Song by Bad Bunny

from the album Nadie Sabe Lo Que Va a Pasar Mañana
- Language: Spanish
- Released: October 13, 2023
- Genre: Latin trap; deep house;
- Length: 4:00
- Label: Rimas
- Songwriter: Benito Martínez;
- Producers: Albert Hype; Mag; La Paciencia;

Visualizer
- "Baby Nueva" on YouTube

= Baby Nueva =

2023 song by Bad Bunny

"Baby Nueva" is a song by Puerto Rican rapper Bad Bunny. It was released on October 13, 2023, through Rimas Entertainment, as part of Bad Bunny's fifth studio album, Nadie Sabe Lo Que Va a Pasar Mañana. The song was written by Benito Martínez with Albert Hype, La Paciencia and Mag handling the production, who were also marked as songwriters.

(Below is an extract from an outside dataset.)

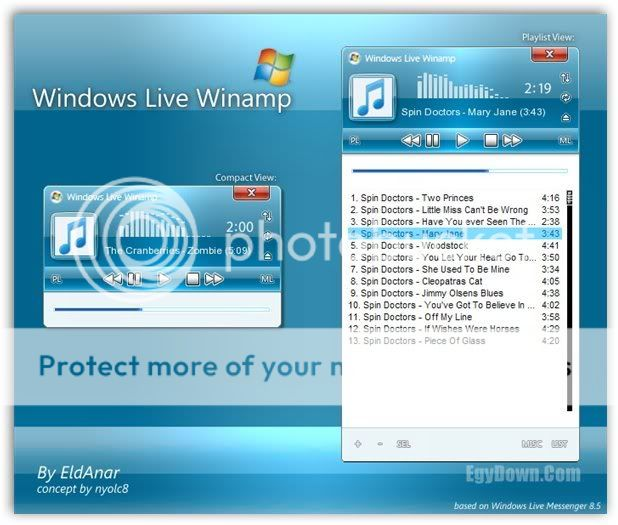Explain the significance of the 'Playlist View' section in context to this specific interface. The 'Playlist View' section of the media player serves a crucial role in enhancing the user's music experience. It allows users to see a list of tracks queued up for playing, enabling them to anticipate what is next or make changes as desired. In this specific interface, the 'Playlist View' is directly adjacent to the main player control, making it easy to manage the two simultaneously. Users can actively select, reorder, or remove tracks without navigating away from the main viewing window. Highlighted tracks and a scrollbar also improve accessibility, enabling users to manage large collections of music efficiently.

== Background and release ==
On October 9, 2023, Bad Bunny announced his album Nadie Sabe Lo Que Va a Pasar Mañana, and "Baby Nueva" was included as the album's eleventh track.

== Commercial performance ==
Following the releasing of Nadie Sabe Lo Que Va a Pasar Mañana, "Baby Nueva" appeared at number 34 on the US Billboard Hot 100 chart upon the issue date of October 28, 2023. The song also charted at number 15 on the US Hot Latin Songs chart upon the issue date of October 28, 2023. On the Billboard Global 200 chart, it debuted at number 14 on the chart dated October 28, 2023. "Baby Nueva" peaked at number 21 in Spain's official chart. It appeared also in the Billboard charts in Bolivia (9), Colombia (16), Ecuador (8), Mexico (14), Peru (10) and Argentina Hot 100 (87).

== Critical reception ==
Billboard ranked "Baby Nueva" at number 20 on their list of songs from Nadie Sabe Lo Que Va a Pasar Mañana describing that the song is starting "with an staccato bass synth that evolves into an electro-hop mix".

== Audio visualizer ==
The audio visualizer was uploaded to YouTube on Bad Bunny's channel on October 13, 2023, along with the other audio visualizer videos that premiered simultaneously with the release of Nadie Sabe Lo Que Va a Pasar Mañana.

==Charts==

Chart performance for "Baby Nueva"
| Chart (2023) | Peak position |
|---|---|
| Argentina Hot 100 (Billboard) | 87 |
| Bolivia (Billboard) | 9 |
| Colombia (Billboard) | 16 |
| Ecuador (Billboard) | 8 |
| Global 200 (Billboard) | 15 |
| Mexico (Billboard) | 14 |
| Peru (Billboard) | 10 |
| Spain (PROMUSICAE) | 14 |
| US Billboard Hot 100 | 34 |
| US Hot Latin Songs (Billboard) | 9 |

==Certifications==

Certifications for "Baby Nueva"
| Region | Certification | Certified units/sales |
| Spain (Promusicae) | Gold | 30,000^{‡} |
^{‡} Sales+streaming figures based on certification alone.